Search code examples
mp3id3v2

correct coding of ID3 v2.3 frame size field for GEOB tag


I have some confusion regarding how the frame size bytes should be coded/decoded for ID3 v2.3.0. According to the (informal) ID3 v2.3.0 specification, the size of each frame should be coded into 4 bytes, where the most significant bit of each byte is unused. To calculate the size, it would take the formula below:

byte MASK = (byte)0x7F;

int size = 0;

for (int = 0; i < 4; i++) {
   size = size * 128 + (b[i] & MASK);
}

But when I used my parser to parse some MP3 files, quite a few files had GEOB (general encapsulated object tag) frames whose size bytes were coded as if it were a Big Endian 32-bit Integer.

After I fixed these bytes by re-coding them using the proper algorithm, commercial software such as Windows 7 and Winamp were not able proper display the subsequent tags (in several instances, TIT2 was right after GEOB, so the song's title was not displayed although it was in the file).

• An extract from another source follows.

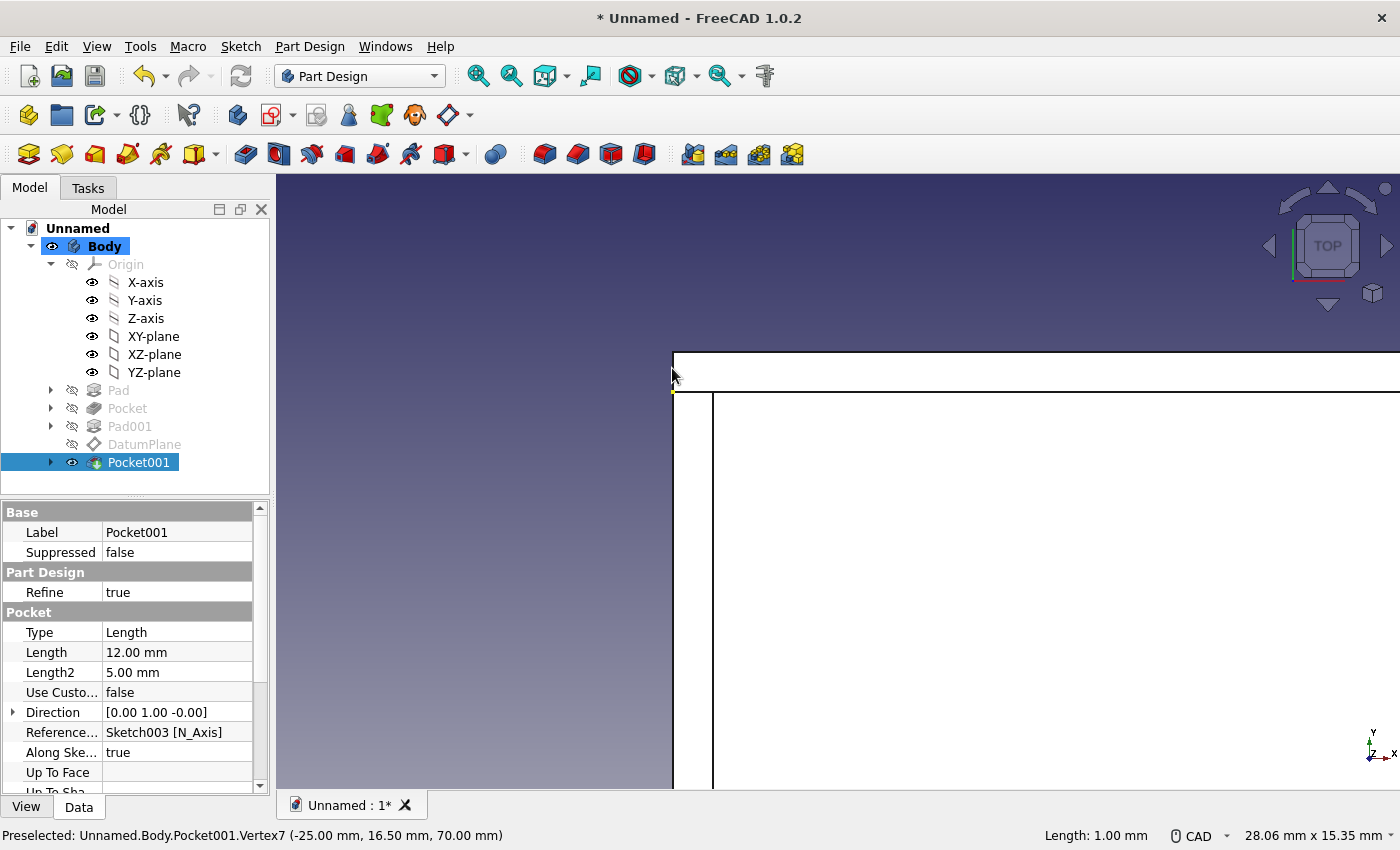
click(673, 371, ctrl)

I also found similar problems for MCDI (music cd identifier), and TALB ('Album/Movie/Show title') tags.

I read through the v2.3 spec, and also Googled, but wasn't able to find any information regarding the use of a 32-bit integer as size metadata for these frames. Yet the common behavior in different commercial software seems to suggest for such fields, a 32-bit integer should be used as size instead of 4 bytes masked by 0x7F.

So I am just wondering if anyone here has worked on ID3 v2.3 and could clarify this for me.


Solution

  • I believe I have found the answer. ID3 v2.3, despite its being the more commonly supported (as opposed to v2.4) has not to well-written (and informal) spec. Its header size uses the 4 0x7F bytes, but the frame sizes are in fact 32-bit integers, only they are never clearly spelled out.

    the reason I usually encountered the problem when dealing with GEOB is because the problem won't crop up until the frame size is larger than 0x7F, and GEOB usually is.